On essaye d’y rassembler les
conscrits au départ de chaque classe, donc deux fois par an. A cette occasion, le Conscrit est publié, en
mars-avril puis en septembre-octobre, et largement diffusé ici.
Quand l’administrateur provisoire
de la Banque
ouvrière et paysanne réclama le remboursement immédiat des créances de l’Humanité,
150 CDH (comités de défense de l’Humanité) se créèrent aussitôt pour
collecter des fonds et sauver le journal. Le parti décidera ensuite de les
structurer de façon permanente et les réunira à cet effet, en juillet 1930, à la Bellevilloise. Sur
les 420 CDH de France, il y en a alors 98 à Paris, 73 dans le reste de la Seine et 49 en
Seine-et-Oise. L’Humanité se vend, à cette époque, à 142 000
exemplaires en moyenne. Le 4e congrès des CDH aura encore lieu, le
16 mars 1935, dans une Bellevilloise qui n’est déjà plus qu’en sursis.

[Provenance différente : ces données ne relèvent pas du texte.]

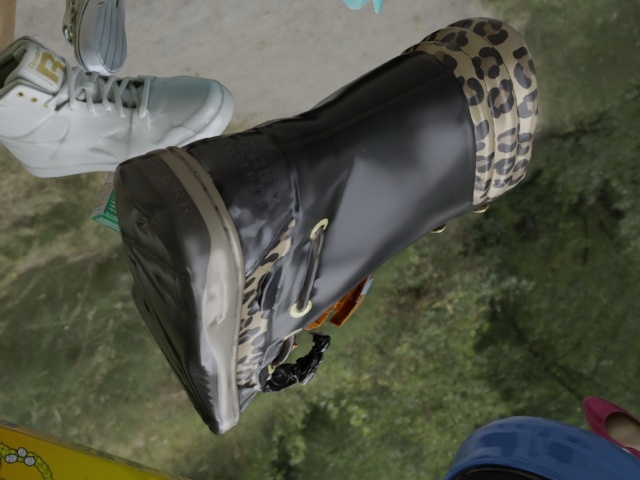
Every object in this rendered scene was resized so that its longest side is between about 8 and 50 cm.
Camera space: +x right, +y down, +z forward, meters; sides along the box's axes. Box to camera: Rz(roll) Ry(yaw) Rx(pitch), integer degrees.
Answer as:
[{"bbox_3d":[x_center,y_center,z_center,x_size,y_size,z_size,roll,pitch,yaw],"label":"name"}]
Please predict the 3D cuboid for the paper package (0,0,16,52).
[{"bbox_3d":[-0.556,-0.387,1.085,0.168,0.309,0.325,10,-173,32],"label":"paper package"}]

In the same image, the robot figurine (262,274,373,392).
[{"bbox_3d":[-0.043,0.074,1.216,0.291,0.211,0.085,-51,167,18],"label":"robot figurine"}]

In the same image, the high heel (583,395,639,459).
[{"bbox_3d":[0.562,0.345,1.539,0.082,0.244,0.117,-27,137,-10],"label":"high heel"}]

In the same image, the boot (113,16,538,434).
[{"bbox_3d":[0.000,0.000,0.665,0.284,0.138,0.377,-30,158,-18],"label":"boot"}]

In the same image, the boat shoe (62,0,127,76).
[{"bbox_3d":[-0.396,-0.369,1.493,0.094,0.109,0.302,-17,-139,7],"label":"boat shoe"}]

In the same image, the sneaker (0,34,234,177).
[{"bbox_3d":[-0.258,-0.157,0.968,0.292,0.108,0.169,-10,150,17],"label":"sneaker"}]

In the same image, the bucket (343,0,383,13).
[{"bbox_3d":[-0.028,-0.365,0.858,0.281,0.281,0.183,-22,138,-61],"label":"bucket"}]

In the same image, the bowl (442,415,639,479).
[{"bbox_3d":[0.305,0.393,1.033,0.077,0.391,0.391,-34,-178,-34],"label":"bowl"}]

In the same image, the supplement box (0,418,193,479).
[{"bbox_3d":[-0.267,0.354,1.022,0.194,0.356,0.195,138,-30,-72],"label":"supplement box"}]

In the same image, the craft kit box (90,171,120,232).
[{"bbox_3d":[-0.268,-0.097,1.601,0.250,0.247,0.061,30,151,-31],"label":"craft kit box"}]

C’est la Bellevilloise qui
prête camion et popote à la Marche des chômeurs partie de Lille le 18
novembre 1933, malgré l’interdiction. Charles
Tillon et Martha Desrumeaux,
secrétaire de l’Union Départementale du Nord de la CGTU, à sa tête, la marche
retrouvera à Saint-Denis le 2 décembre – Paris lui ayant été pareillement
interdit - 7 000 personnes arrivant
de la capitale à la rencontre des 6 000 venus du Nord. Une délégation
partira seule vers le palais Bourbon, pour être promptement arrêtée et gardée à
vue dans un commissariat proche, où Martha Desrumeaux chantera à pleins poumons
La grève des ventres et l’Internationale. Le gouvernement se
bornera à offrir aux marcheurs de rentrer gratuitement chez eux en train depuis
la gare du Nord. Si le Cri des
chômeurs devint ensuite hebdomadaire, il n’avait pas été entendu ce
jour-là.
En avril 1936, la Bellevilloise
déposait son bilan, tous ses points de vente étaient fermés, à l’exception de la Chope, donnée en gérance à la Famille Nouvelle.

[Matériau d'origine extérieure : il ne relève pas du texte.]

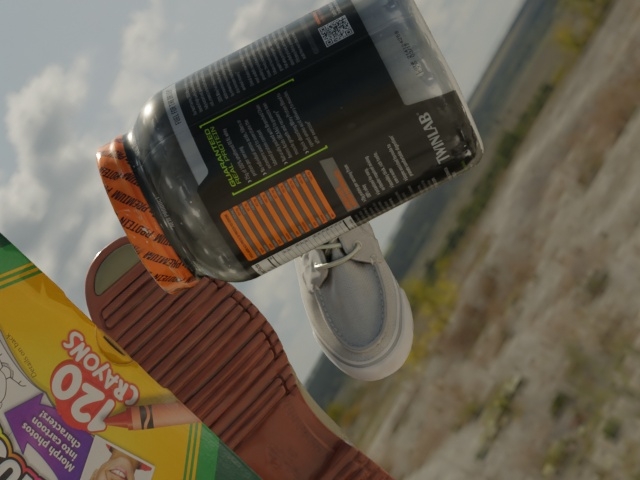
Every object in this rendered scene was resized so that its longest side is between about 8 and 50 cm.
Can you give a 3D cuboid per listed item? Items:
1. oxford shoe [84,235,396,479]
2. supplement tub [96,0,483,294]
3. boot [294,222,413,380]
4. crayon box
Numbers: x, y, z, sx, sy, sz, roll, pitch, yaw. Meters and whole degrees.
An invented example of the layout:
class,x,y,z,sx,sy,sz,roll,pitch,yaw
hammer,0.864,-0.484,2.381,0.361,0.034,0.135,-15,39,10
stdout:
class,x,y,z,sx,sy,sz,roll,pitch,yaw
oxford shoe,-0.070,0.164,1.460,0.140,0.397,0.146,-39,0,-9
supplement tub,-0.018,-0.053,0.877,0.190,0.117,0.117,-26,0,4
boot,0.000,0.000,1.444,0.095,0.258,0.123,-29,-41,7
crayon box,-0.169,0.119,0.845,0.081,0.278,0.165,-16,34,51
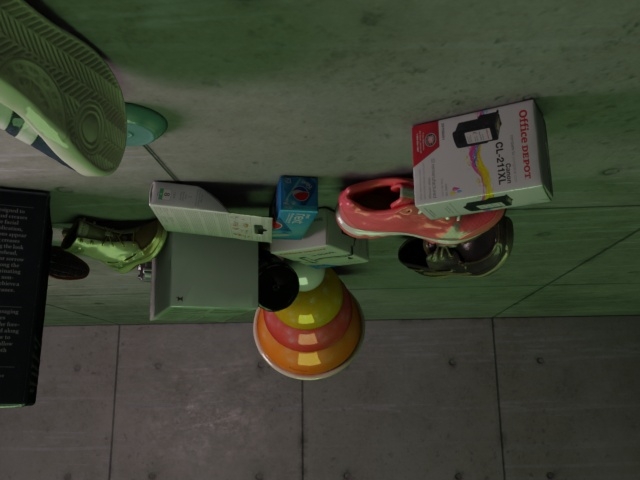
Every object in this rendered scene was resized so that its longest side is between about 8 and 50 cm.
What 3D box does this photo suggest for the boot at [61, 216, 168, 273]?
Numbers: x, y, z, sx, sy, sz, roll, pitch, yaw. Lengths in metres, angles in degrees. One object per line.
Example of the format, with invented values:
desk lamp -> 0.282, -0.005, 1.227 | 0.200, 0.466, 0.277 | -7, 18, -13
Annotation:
boot -> -0.451, -0.006, 1.357 | 0.213, 0.077, 0.165 | -29, 140, 34

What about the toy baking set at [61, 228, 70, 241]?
toy baking set -> -0.511, 0.008, 1.522 | 0.256, 0.030, 0.196 | 16, 165, -33

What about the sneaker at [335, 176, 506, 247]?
sneaker -> 0.178, -0.057, 1.106 | 0.313, 0.116, 0.136 | -2, 165, 6

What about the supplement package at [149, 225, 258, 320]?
supplement package -> -0.279, 0.079, 1.455 | 0.197, 0.200, 0.262 | 5, 165, -24

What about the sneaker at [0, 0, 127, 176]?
sneaker -> -0.337, -0.170, 0.639 | 0.148, 0.131, 0.350 | 3, 162, 15

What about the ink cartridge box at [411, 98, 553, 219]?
ink cartridge box -> 0.224, -0.110, 0.865 | 0.175, 0.128, 0.072 | -9, 161, 28

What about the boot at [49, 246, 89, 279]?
boot -> -0.724, 0.054, 1.620 | 0.219, 0.082, 0.106 | 19, 169, -29

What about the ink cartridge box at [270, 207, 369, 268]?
ink cartridge box -> 0.000, 0.000, 1.385 | 0.148, 0.086, 0.203 | -8, 165, 29

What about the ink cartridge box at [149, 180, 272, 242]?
ink cartridge box -> -0.203, -0.052, 1.199 | 0.224, 0.056, 0.181 | 5, 165, -3

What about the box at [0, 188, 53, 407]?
box -> -0.656, 0.123, 1.208 | 0.211, 0.396, 0.293 | 6, 164, -20

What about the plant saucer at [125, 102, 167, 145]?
plant saucer -> -0.276, -0.158, 0.869 | 0.119, 0.021, 0.119 | -1, 166, 0

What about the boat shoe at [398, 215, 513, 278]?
boat shoe -> 0.293, 0.024, 1.403 | 0.130, 0.133, 0.355 | 5, 164, -21

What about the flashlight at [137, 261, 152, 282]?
flashlight -> -0.346, 0.092, 1.723 | 0.303, 0.103, 0.103 | 8, 138, -26

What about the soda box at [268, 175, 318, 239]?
soda box -> -0.055, -0.057, 1.191 | 0.071, 0.067, 0.210 | 2, 165, -10

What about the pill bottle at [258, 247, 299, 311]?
pill bottle -> -0.144, 0.089, 1.548 | 0.122, 0.123, 0.219 | 6, -169, -24

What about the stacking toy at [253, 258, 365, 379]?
stacking toy -> -0.031, 0.166, 1.765 | 0.350, 0.351, 0.480 | 0, 149, -1
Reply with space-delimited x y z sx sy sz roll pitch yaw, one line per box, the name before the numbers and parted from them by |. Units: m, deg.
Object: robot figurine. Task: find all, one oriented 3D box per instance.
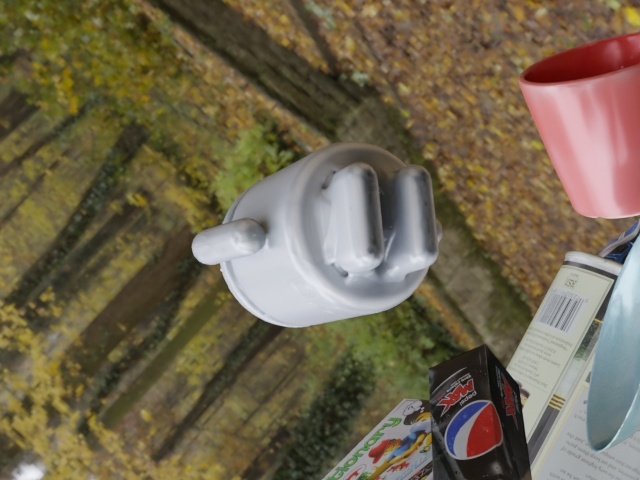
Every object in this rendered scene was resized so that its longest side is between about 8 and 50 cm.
robot figurine | 0.000 0.000 1.154 0.300 0.199 0.353 3 169 -28

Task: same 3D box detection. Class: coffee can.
coffee can | 0.294 0.178 1.018 0.202 0.275 0.201 29 178 1

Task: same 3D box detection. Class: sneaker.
sneaker | 0.479 0.000 1.392 0.080 0.211 0.081 55 -175 -4

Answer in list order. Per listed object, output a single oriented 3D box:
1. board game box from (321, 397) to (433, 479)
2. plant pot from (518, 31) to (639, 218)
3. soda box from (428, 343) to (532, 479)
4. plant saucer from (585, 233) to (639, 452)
board game box | 0.080 0.311 1.165 0.193 0.305 0.053 -11 113 56
plant pot | 0.479 -0.183 1.512 0.275 0.275 0.243 27 138 66
soda box | 0.117 0.158 0.686 0.060 0.053 0.169 49 -154 -28
plant saucer | 0.260 0.079 0.753 0.037 0.195 0.195 15 169 6
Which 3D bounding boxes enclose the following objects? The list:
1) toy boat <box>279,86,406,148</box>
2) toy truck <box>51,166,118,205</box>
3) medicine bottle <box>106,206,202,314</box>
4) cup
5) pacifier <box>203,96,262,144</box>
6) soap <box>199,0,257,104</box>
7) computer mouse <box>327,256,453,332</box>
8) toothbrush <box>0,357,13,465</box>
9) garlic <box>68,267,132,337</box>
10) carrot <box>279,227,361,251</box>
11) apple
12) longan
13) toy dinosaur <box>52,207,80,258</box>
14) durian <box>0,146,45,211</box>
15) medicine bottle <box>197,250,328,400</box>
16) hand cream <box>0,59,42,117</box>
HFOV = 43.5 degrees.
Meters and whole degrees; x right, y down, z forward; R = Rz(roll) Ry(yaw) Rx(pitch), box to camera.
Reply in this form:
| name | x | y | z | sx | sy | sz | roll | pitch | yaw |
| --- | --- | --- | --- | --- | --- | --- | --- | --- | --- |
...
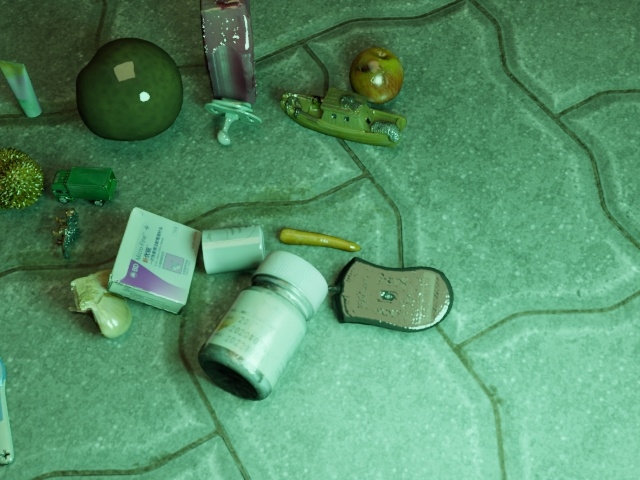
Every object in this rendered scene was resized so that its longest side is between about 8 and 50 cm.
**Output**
| name | x | y | z | sx | sy | sz | roll | pitch | yaw |
| --- | --- | --- | --- | --- | --- | --- | --- | --- | --- |
| toy boat | 0.052 | -0.308 | 1.960 | 0.321 | 0.121 | 0.089 | 17 | 63 | 14 |
| toy truck | -0.558 | -0.127 | 1.890 | 0.147 | 0.079 | 0.065 | 2 | 56 | 7 |
| medicine bottle | -0.357 | 0.044 | 1.737 | 0.171 | 0.052 | 0.201 | 23 | 52 | -19 |
| cup | -0.192 | 0.004 | 1.769 | 0.133 | 0.099 | 0.136 | -6 | 56 | -1 |
| pacifier | -0.224 | -0.293 | 1.980 | 0.150 | 0.127 | 0.117 | 17 | 82 | 6 |
| soap | -0.228 | -0.496 | 1.980 | 0.127 | 0.325 | 0.220 | -7 | 58 | -7 |
| computer mouse | 0.143 | 0.121 | 1.680 | 0.264 | 0.088 | 0.147 | 10 | 73 | 9 |
| toothbrush | -0.664 | 0.276 | 1.642 | 0.040 | 0.040 | 0.386 | -17 | 57 | -8 |
| garlic | -0.463 | 0.134 | 1.705 | 0.124 | 0.099 | 0.174 | -10 | 58 | -27 |
| carrot | 0.000 | 0.000 | 1.800 | 0.190 | 0.037 | 0.037 | 7 | 56 | 6 |
| apple | 0.141 | -0.418 | 2.025 | 0.146 | 0.146 | 0.146 | -1 | 55 | 2 |
| longan | -0.461 | -0.363 | 1.946 | 0.258 | 0.258 | 0.258 | -1 | 55 | 2 |
| toy dinosaur | -0.578 | -0.017 | 1.834 | 0.055 | 0.049 | 0.154 | -6 | 50 | -5 |
| durian | -0.726 | -0.141 | 1.882 | 0.158 | 0.137 | 0.168 | 28 | 45 | -2 |
| medicine bottle | -0.112 | 0.169 | 1.612 | 0.165 | 0.165 | 0.273 | 22 | 59 | 17 |
| hand cream | -0.751 | -0.385 | 2.018 | 0.076 | 0.174 | 0.047 | 12 | 57 | 10 |

Le 15 mai 1936, la faillite était déclarée : la Bellevilloise ratait
donc le Front populaire à quelques jours près. Seul le patronage continuait, et
le cinéma de la salle Lénine, mis en location, qui s’appellerait plus tard
Cinéma Boyer. La liquidation traîna en longueur et ses actifs immobiliers ne
furent vendus, aux pires conditions, que durant l’occupation.
- chantier à charbon de la Bellevilloise, 17
rue Boyer. La coopérative fera ensuite construire à cet emplacement un bâtiment
d’un étage, en 1901.
- Maison du Peuple
(Bellevilloise), salle Babeuf, salle Jean-Jaurès, 19-21 rue Boyer.

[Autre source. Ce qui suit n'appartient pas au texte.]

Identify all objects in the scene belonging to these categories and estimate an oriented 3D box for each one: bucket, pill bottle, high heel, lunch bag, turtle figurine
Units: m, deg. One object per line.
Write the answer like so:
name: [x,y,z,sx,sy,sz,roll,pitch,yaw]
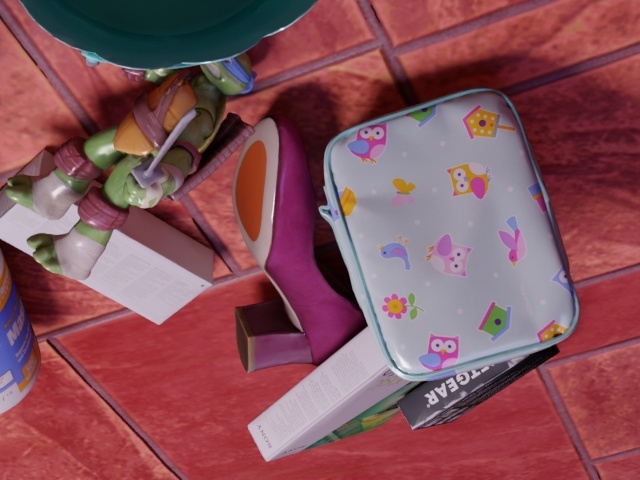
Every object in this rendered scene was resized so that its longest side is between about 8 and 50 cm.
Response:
bucket: [-0.109,-0.259,0.880,0.281,0.183,0.281,-2,102,-10]
pill bottle: [-0.414,0.067,1.374,0.152,0.152,0.272,-5,137,1]
high heel: [0.000,0.000,1.379,0.181,0.127,0.377,-11,141,-16]
lunch bag: [0.123,-0.006,1.252,0.224,0.279,0.108,-18,172,6]
turtle figurine: [-0.205,-0.106,1.156,0.198,0.274,0.266,47,109,5]

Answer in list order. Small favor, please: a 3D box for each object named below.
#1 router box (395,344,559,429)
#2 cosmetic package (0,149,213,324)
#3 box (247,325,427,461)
router box: [0.197,0.168,1.535,0.179,0.046,0.133,-37,162,20]
cosmetic package: [-0.240,0.000,1.379,0.239,0.060,0.099,33,128,-32]
box: [0.091,0.147,1.479,0.232,0.058,0.322,-7,152,-50]

Construite en 1909-1910, la
Maison du Peuple comprend, au rez-de-chaussée, un café dont
tout une paroi est faite d’un vitrail allégorique : le soleil s’y levant
sur le travail émancipé dans les champs comme dans les villes ; une
boutique et la salle Babeuf ; au premier, la salle Jean-Jaurès. La façade
n’a guère changé, hormis la suppression d’une marquise où, sur trois
médaillons, « La
Bellevilloise » était flanquée de
« Coopération », et « Emancipation ».
- salle Babeuf. En mai
1930, l’opposition de gauche des Bolcheviks-Léninistes de la
Vérité, y donne un meeting, en soutien aux
Indochinois, après Yen Bay. Dans la même salle, a lieu le 31 août 1931 une
assemblée générale du Club Athlétique Socialiste, au cours de laquelle, retour
d’URSS, une jeune femme se livre à « une défense enflammée de la politique
sportive soviétique », selon la police.
- salle Jaurès. Le congrès
socialiste de Paris s’y tient, en août 1910 ; quoi de plus naturel que Louis Héliès (qui sera député PS de
1924 à sa mort, en 1932, et directeur du Magasin de gros des coopératives) y consacre un discours à la coopération. La première
journée du congrès du PS y a encore lieu, le 6 octobre 1918. En 1923, Valdour
dit la Bellevilloise
aux mains des libertaires : le 7 septembre, lors d’un meeting de la Semaine internationale des
Jeunesses Communistes, parmi les brochures qu’il voit sur les tables de vente
figure La procréation volontaire au
point de vue individualiste, dont le vendeur proclame « le droit à
l’avortement » ; on y distribue des bulletins d’abonnement au Libertaire qui d’hebdomadaire
doit passer quotidien au mois de décembre suivant.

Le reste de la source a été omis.